The number of articles retracted related to nutrition now numbers unlucky 13 - and that bad lack shares one name in common: Brian Wansink, Ph.D.

Today, the JAMA organization retracted six more. The big question you will likely ask is, where was peer review? Well, peer review was never great and this shows why. Peer review was not even important until the 1980s when academics, hungry for more government funding and the appearance of "independence" they believed it brought, came up with peer-reviewed journals as the way to show academics were doing something useful with taxpayer money. "Publish or perish" culture, which had existed for a few decades in nascent form, became a Golem.

In the case of Wansink, they passed peer review precisely because it was psychology. Who can replicate a survey of psychology undergraduates (basically, almost all psychology papers) and expect to get the same result? Who can replicate a paper claiming you will snack more watching an action movie and declare their results superior to what Wansink did? It's all made up.


Why millennials eat tofu. It was published here. Why? Because it looked just as legitimate as any claim made by Marion Nestle or Naomi Oreskes about food. 
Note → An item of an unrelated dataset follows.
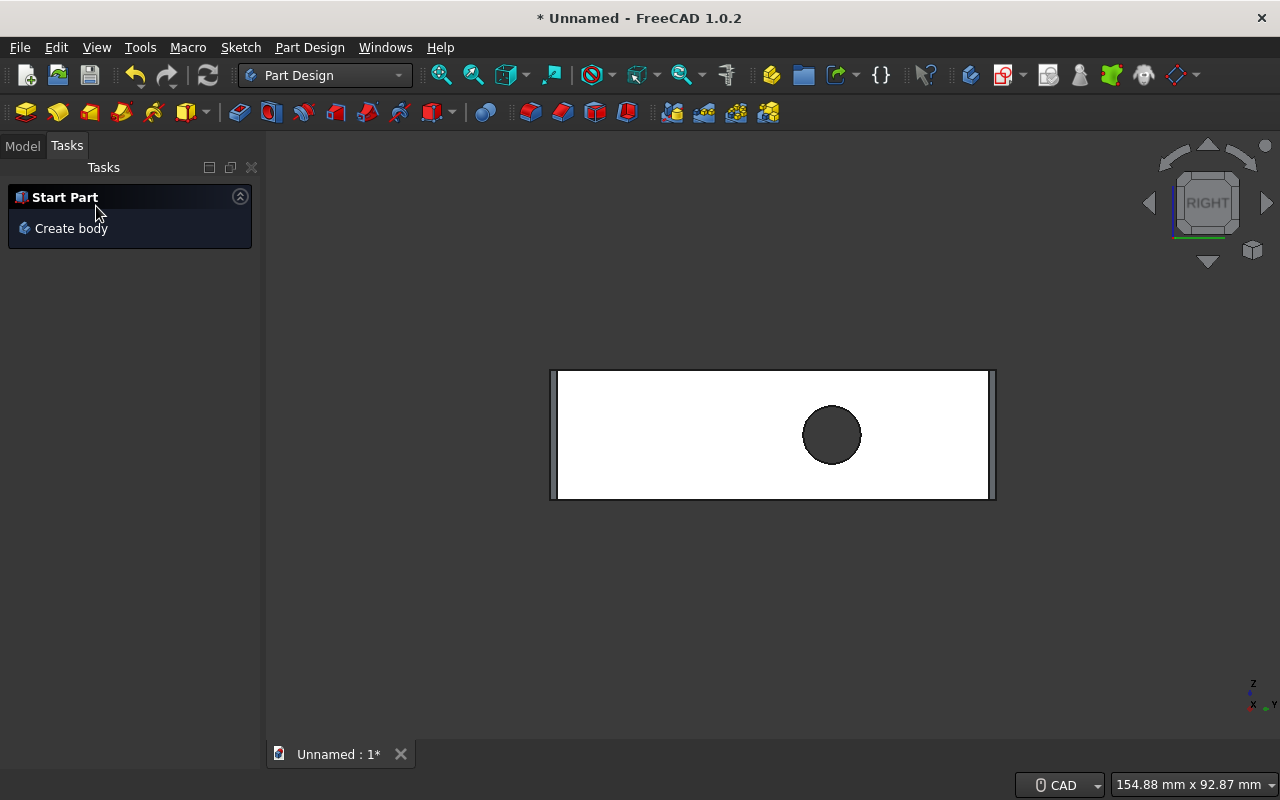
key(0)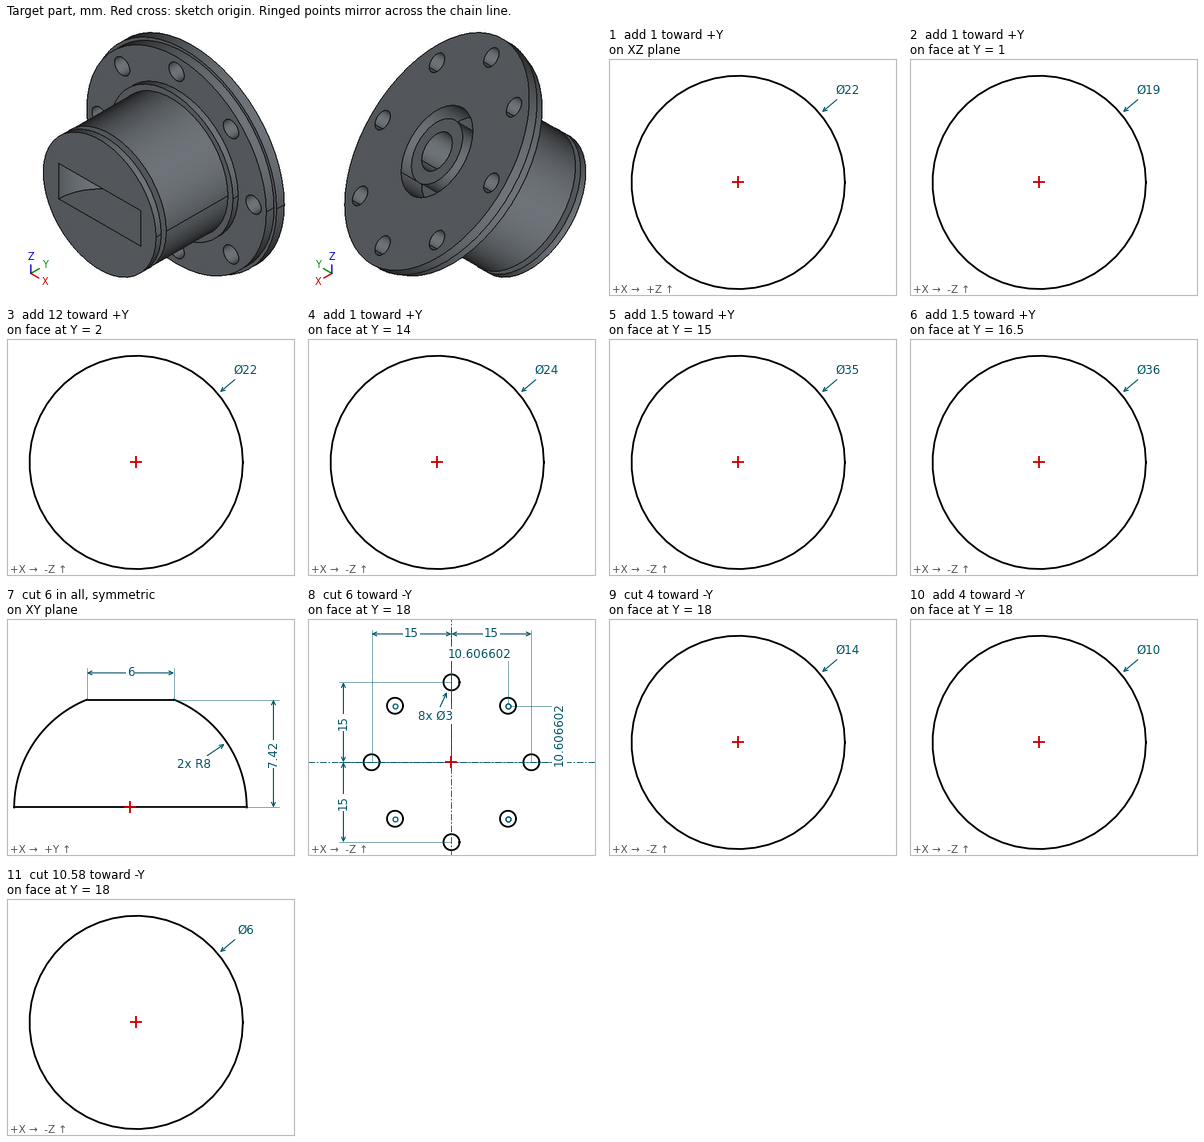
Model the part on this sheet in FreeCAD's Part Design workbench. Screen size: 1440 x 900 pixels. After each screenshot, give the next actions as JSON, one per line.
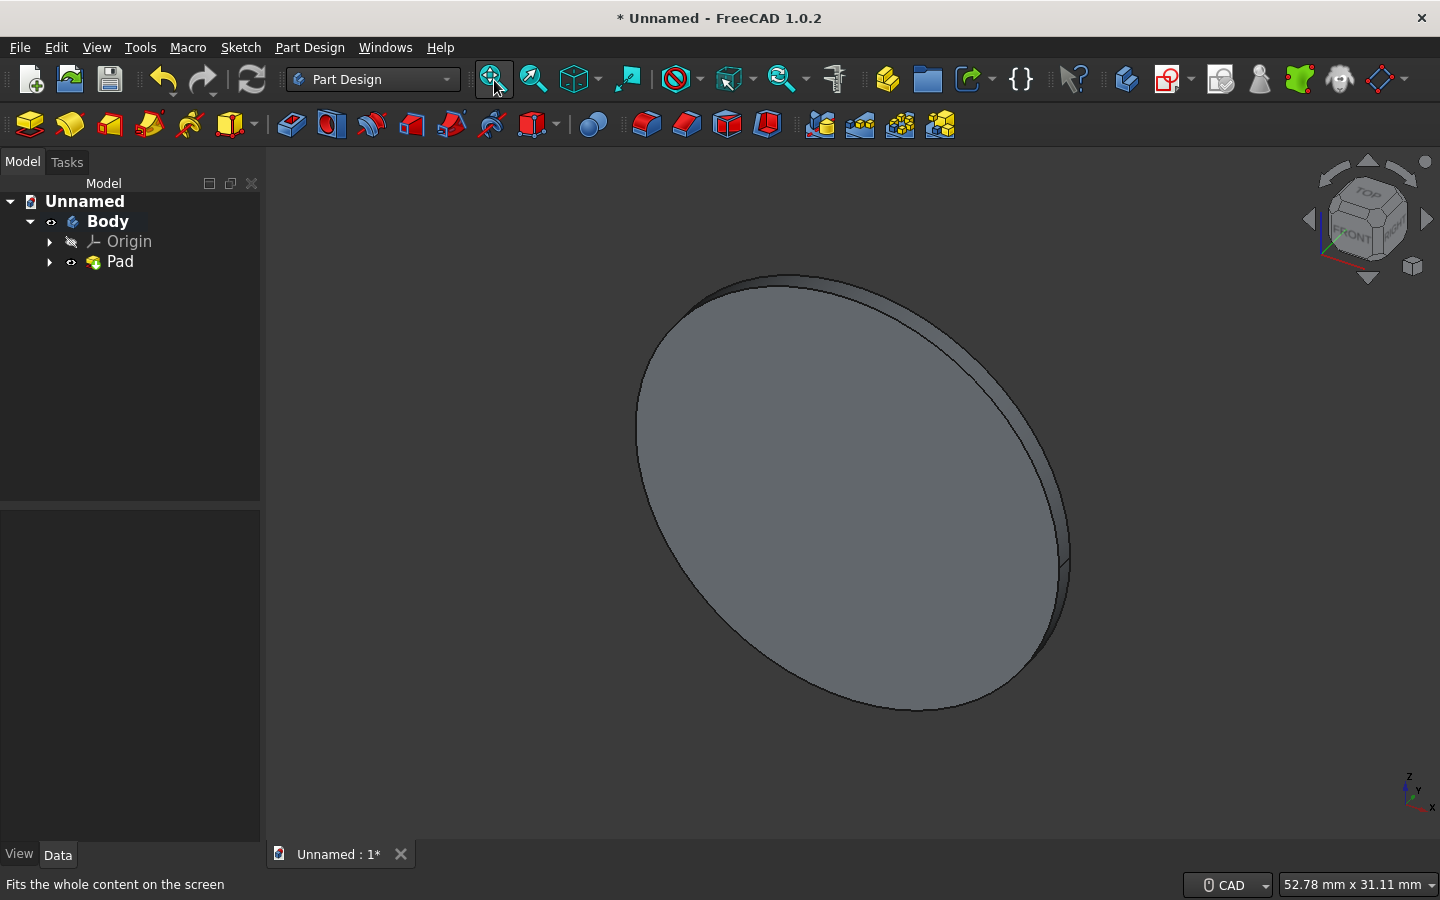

But I noted years ago that young psychologists were going to shake the pillars of heaven when they discovered that their elders were just throwing nonsense around. They were going to rebel when what they thought was going to be science was instead a network of academics wanting them to play the game and line up at the trough. And they did just that, killing the careers of Dirk Smeesters and Diederik Stapel and others when they were shown to have "irregularities" in their published work. And it happened in nutrition also.

A small cadre of early career scholars expressed concern about the work of his lab and it caught attention when they then found 150 errors in just four papers. The Joy of Cooking got retribution for him claiming their book made people fat, political hatchet sites like Undark dutifully did some churnalism by repeating their friends at Retraction Watch. Dr. Aaron Carroll used it as a good discussion point. But the biggest concern came after former graduate students said if they found nothing interesting in data, he would tell them to create a new hypothesis and try again.

P-hacking, HARKing (hypothesis after the results are known) and data dredging are a no-no outside the activist community (where it is unfortunately common). It is popular in corporate media, but anything that will bring eyeballs is. But it rarely gets mainstream attention. 

Wansink has tenure, he is not going anywhere, but now that young scholars have found that they can make their bones exposing fraud to the light, how long will it be until dozens or hundreds of papers produced by the Harvard T.S. Chan School of Public Health, using so many columns and rows they are guaranteed to statistically link some food to some disease or benefit, are brought down as well?